Data records:
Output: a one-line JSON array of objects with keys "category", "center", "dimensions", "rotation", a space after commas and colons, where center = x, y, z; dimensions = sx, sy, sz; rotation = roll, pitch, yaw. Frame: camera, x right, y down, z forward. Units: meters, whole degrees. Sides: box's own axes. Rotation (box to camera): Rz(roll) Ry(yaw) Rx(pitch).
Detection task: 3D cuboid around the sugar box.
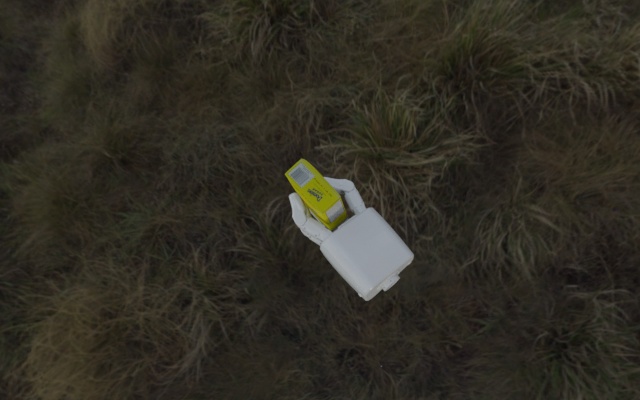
[{"category": "sugar box", "center": [0.000, 0.003, 0.810], "dimensions": [0.048, 0.093, 0.176], "rotation": [-40, -20, -7]}]
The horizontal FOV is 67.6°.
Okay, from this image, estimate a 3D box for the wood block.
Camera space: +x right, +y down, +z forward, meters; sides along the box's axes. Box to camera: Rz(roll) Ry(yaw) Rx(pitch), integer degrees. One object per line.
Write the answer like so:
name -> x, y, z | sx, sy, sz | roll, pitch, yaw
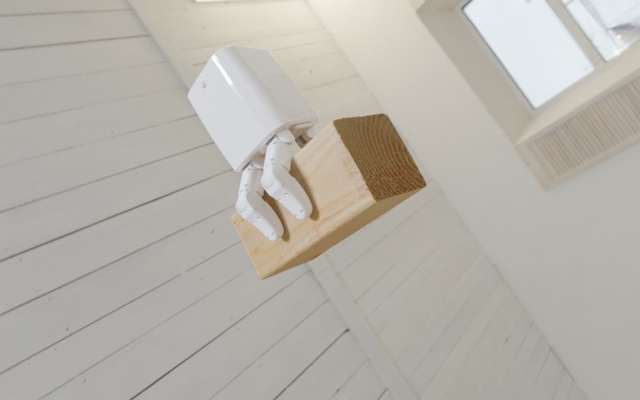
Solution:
wood block -> 0.000, 0.001, 0.529 | 0.091, 0.090, 0.206 | -17, -15, -45
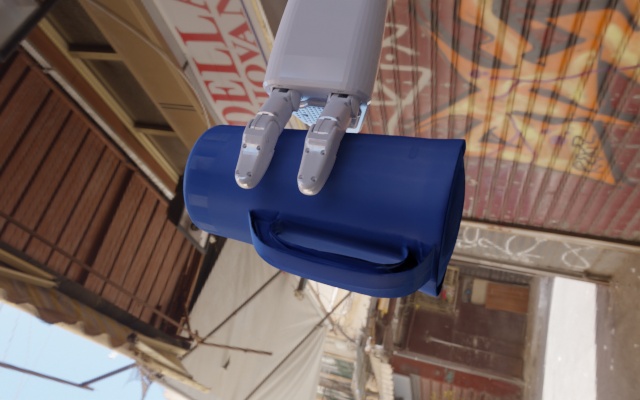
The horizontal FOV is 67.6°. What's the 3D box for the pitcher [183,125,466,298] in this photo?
[{"bbox_3d":[0.000,0.001,0.427,0.243,0.145,0.149,9,-11,19],"label":"pitcher"}]
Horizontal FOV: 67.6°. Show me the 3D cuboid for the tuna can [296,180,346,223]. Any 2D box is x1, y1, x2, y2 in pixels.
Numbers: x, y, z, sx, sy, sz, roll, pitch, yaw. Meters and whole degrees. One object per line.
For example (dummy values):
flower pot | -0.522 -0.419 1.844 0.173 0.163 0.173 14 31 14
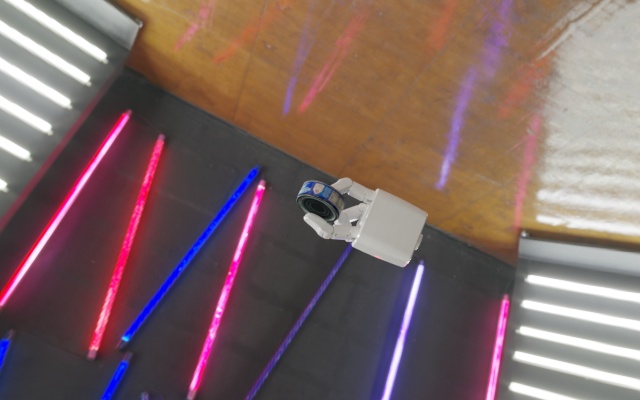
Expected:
tuna can | 0.000 0.003 0.866 0.086 0.033 0.086 22 -28 12
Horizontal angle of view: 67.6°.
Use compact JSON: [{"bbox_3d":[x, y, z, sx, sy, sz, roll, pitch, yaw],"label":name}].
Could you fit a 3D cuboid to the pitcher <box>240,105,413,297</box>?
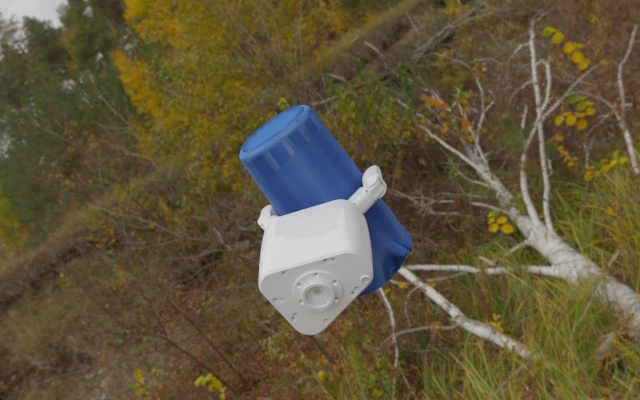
[{"bbox_3d":[0.000,0.002,0.635,0.149,0.243,0.145,-31,23,14],"label":"pitcher"}]
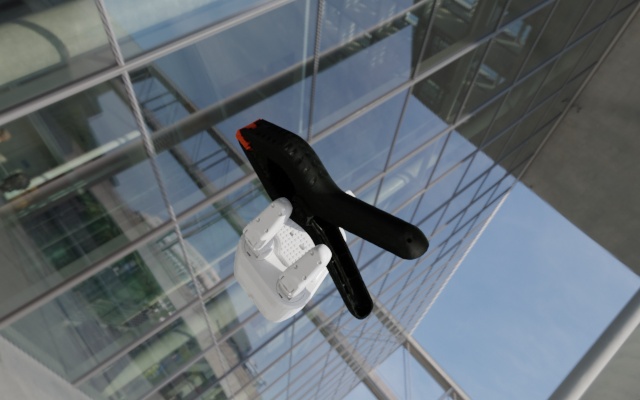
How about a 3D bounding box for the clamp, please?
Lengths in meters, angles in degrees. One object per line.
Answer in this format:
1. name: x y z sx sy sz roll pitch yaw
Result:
1. clamp: 0.000 0.001 0.417 0.036 0.210 0.165 -33 -12 -27
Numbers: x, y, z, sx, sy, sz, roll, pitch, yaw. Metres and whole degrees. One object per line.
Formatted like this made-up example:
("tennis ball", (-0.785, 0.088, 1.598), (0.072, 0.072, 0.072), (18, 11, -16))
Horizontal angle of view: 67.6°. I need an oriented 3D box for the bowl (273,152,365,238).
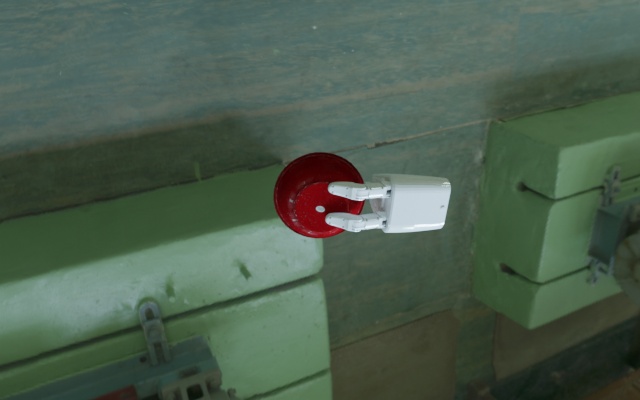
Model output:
("bowl", (-0.001, 0.003, 0.809), (0.162, 0.162, 0.055), (0, 22, -3))
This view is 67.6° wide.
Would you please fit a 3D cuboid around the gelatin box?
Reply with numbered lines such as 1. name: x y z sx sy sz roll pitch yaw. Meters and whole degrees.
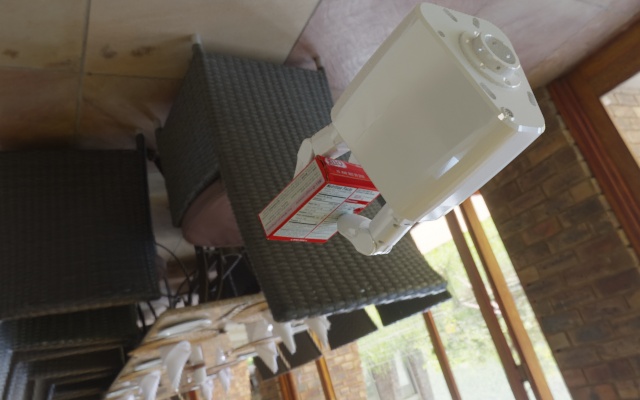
1. gelatin box: 0.000 0.002 0.422 0.073 0.030 0.089 8 -42 -45
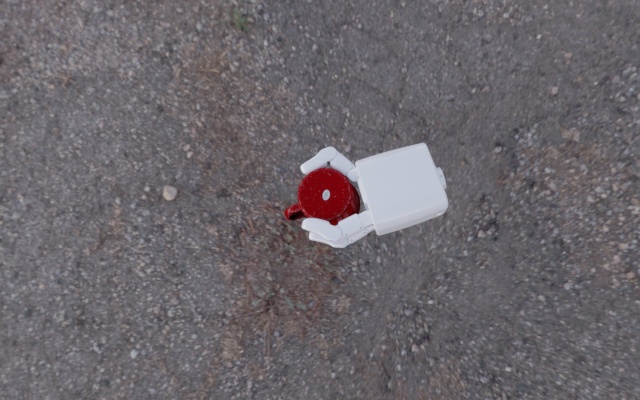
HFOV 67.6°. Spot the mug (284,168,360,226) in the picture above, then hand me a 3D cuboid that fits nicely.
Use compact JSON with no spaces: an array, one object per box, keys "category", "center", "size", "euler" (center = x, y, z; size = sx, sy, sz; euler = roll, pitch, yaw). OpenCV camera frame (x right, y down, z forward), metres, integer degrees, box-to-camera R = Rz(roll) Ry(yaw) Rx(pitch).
[{"category":"mug","center":[-0.001,0.003,0.726],"size":[0.117,0.093,0.081],"euler":[-18,-14,5]}]
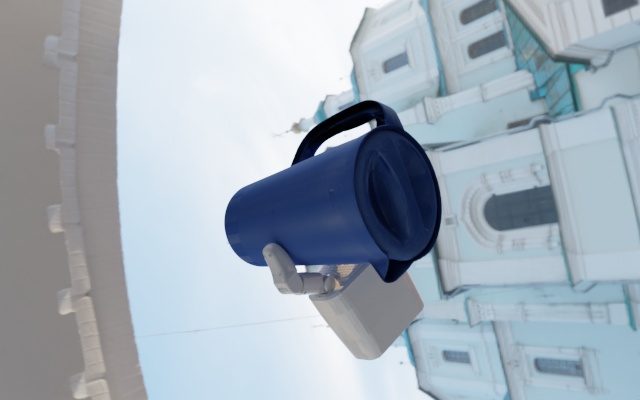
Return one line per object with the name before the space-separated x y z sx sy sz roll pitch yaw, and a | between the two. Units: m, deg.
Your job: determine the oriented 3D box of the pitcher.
pitcher | 0.000 0.002 0.534 0.243 0.145 0.149 -14 27 45
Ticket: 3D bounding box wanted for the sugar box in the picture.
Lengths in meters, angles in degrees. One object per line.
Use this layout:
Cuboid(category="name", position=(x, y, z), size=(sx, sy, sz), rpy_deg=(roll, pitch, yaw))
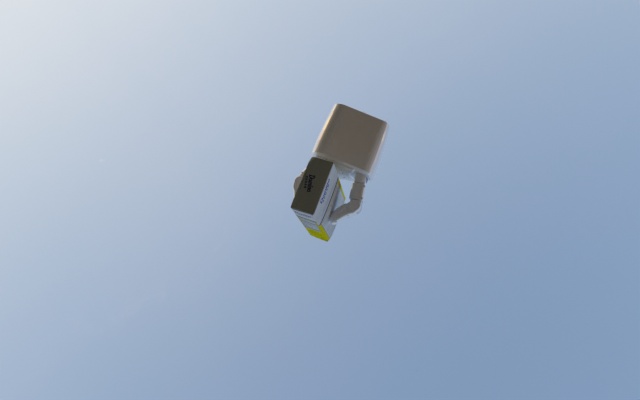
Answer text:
Cuboid(category="sugar box", position=(0.000, 0.002, 0.809), size=(0.048, 0.093, 0.176), rpy_deg=(17, -15, 17))
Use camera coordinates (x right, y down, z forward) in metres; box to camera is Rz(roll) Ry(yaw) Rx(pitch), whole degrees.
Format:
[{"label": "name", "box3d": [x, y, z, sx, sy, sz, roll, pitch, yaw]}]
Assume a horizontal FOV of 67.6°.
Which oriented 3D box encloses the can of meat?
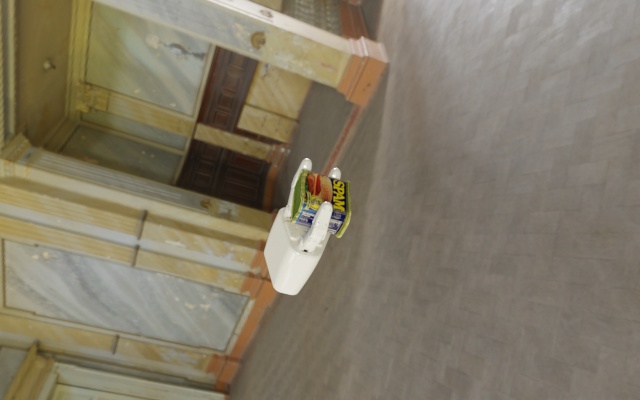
[{"label": "can of meat", "box3d": [0.000, 0.002, 0.780, 0.084, 0.102, 0.057, 16, -47, -13]}]
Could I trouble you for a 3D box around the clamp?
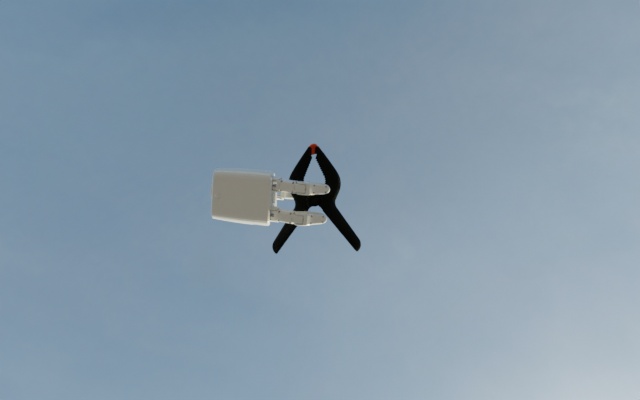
[{"bbox_3d":[0.000,0.002,0.877,0.164,0.210,0.036,5,11,-2],"label":"clamp"}]
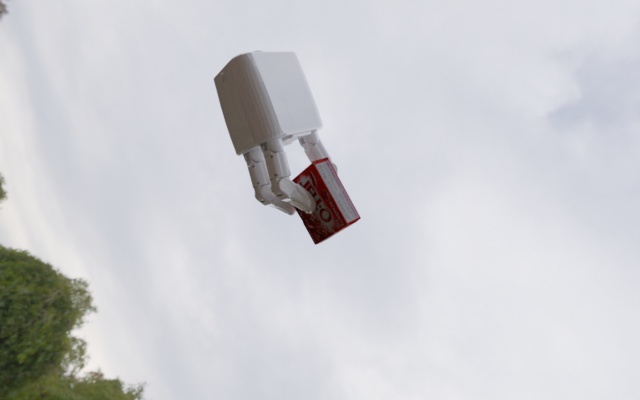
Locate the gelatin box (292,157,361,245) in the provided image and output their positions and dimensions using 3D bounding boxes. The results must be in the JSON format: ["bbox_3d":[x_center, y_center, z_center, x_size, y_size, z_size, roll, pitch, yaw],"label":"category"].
[{"bbox_3d":[0.001,0.002,0.598,0.030,0.089,0.073,-24,-8,-41],"label":"gelatin box"}]
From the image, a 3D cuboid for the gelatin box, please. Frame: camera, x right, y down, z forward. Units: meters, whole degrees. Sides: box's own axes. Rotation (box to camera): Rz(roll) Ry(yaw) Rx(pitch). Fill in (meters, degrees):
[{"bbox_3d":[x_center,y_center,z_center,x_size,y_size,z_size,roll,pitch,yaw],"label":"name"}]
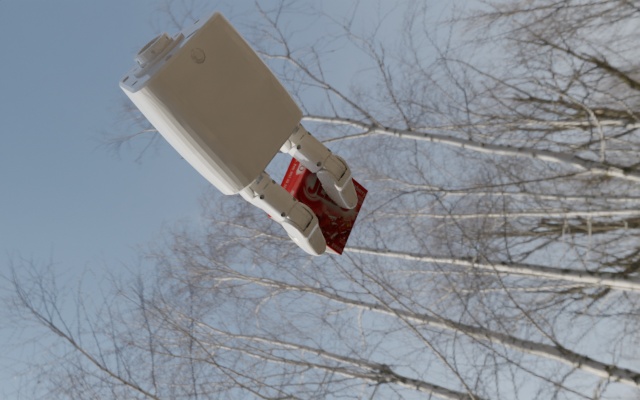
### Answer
[{"bbox_3d":[0.000,0.002,0.456,0.030,0.073,0.089,9,-21,45],"label":"gelatin box"}]
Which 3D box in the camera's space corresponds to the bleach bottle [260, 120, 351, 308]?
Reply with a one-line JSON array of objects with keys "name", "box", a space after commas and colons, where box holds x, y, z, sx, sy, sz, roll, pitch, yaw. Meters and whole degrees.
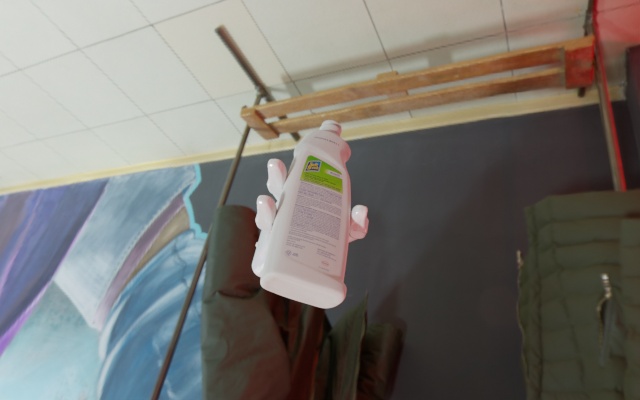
[{"name": "bleach bottle", "box": [0.000, 0.002, 0.613, 0.102, 0.250, 0.068, 20, -33, -12]}]
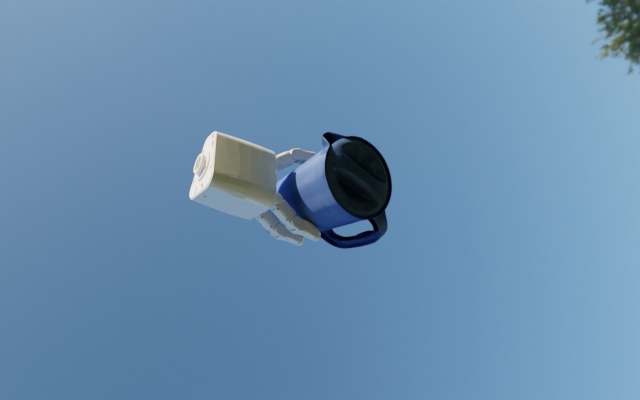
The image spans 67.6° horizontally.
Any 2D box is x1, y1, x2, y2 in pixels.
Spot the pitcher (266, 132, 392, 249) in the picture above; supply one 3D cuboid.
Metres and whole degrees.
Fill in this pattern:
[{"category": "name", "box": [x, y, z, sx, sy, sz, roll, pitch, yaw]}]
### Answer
[{"category": "pitcher", "box": [0.000, 0.003, 0.812, 0.145, 0.149, 0.243, 18, -25, -30]}]
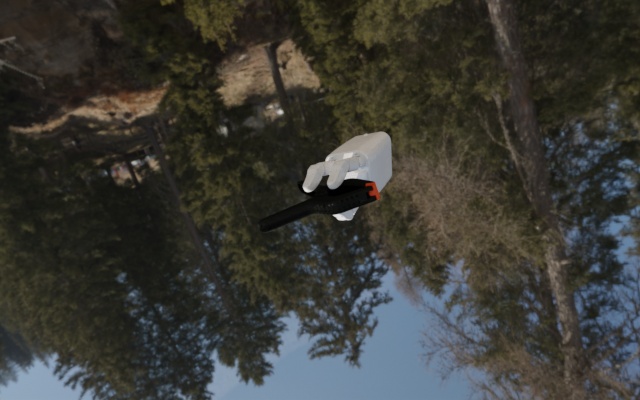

Exercise instructions:
Your answer should consist only of the count of lines in the data that contain "example".

Task answer:
2